*AVAILABLE DATA*:

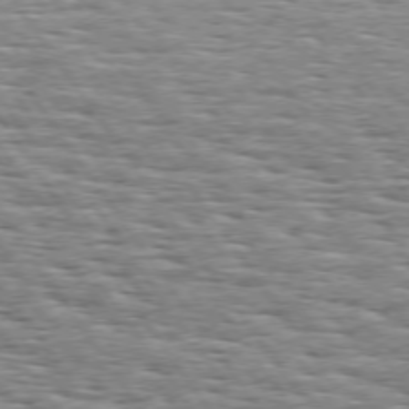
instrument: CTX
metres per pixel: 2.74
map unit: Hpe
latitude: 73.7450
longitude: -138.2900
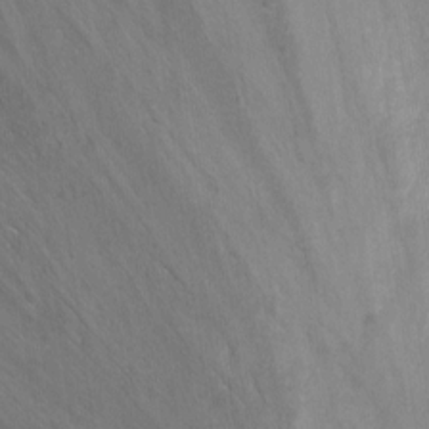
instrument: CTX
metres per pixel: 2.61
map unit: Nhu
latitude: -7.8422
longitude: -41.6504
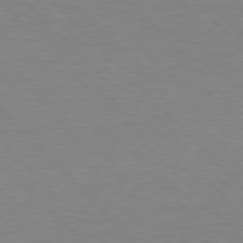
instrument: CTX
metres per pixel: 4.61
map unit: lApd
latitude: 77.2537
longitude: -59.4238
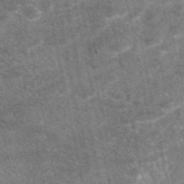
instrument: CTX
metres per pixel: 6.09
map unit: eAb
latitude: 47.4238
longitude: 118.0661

...

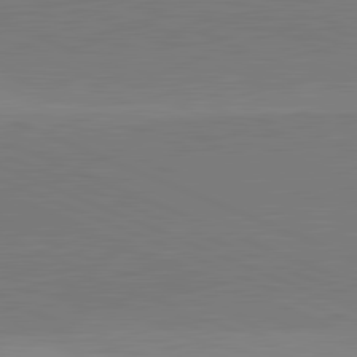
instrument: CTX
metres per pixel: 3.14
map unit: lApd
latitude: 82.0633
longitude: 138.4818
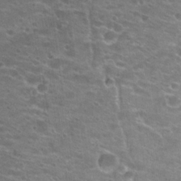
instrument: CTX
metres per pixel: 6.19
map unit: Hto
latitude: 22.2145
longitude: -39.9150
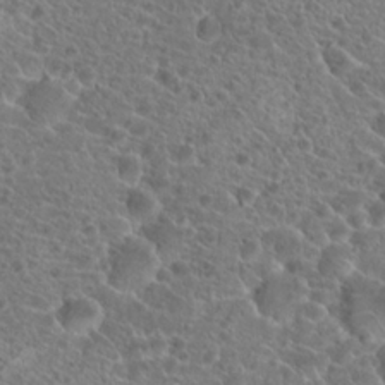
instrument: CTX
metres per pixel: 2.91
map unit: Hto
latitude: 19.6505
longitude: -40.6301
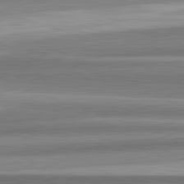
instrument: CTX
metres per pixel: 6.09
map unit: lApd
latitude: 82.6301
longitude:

*WHAT TO DO*:
Starting with the line that has "latitude: -7.8422" and going on through the line that has "longitude: 118.0661", transcribe the records above exactly, but skip the pictures.

*TASK ANSWER*:
latitude: -7.8422
longitude: -41.6504
instrument: CTX
metres per pixel: 4.61
map unit: lApd
latitude: 77.2537
longitude: -59.4238
instrument: CTX
metres per pixel: 6.09
map unit: eAb
latitude: 47.4238
longitude: 118.0661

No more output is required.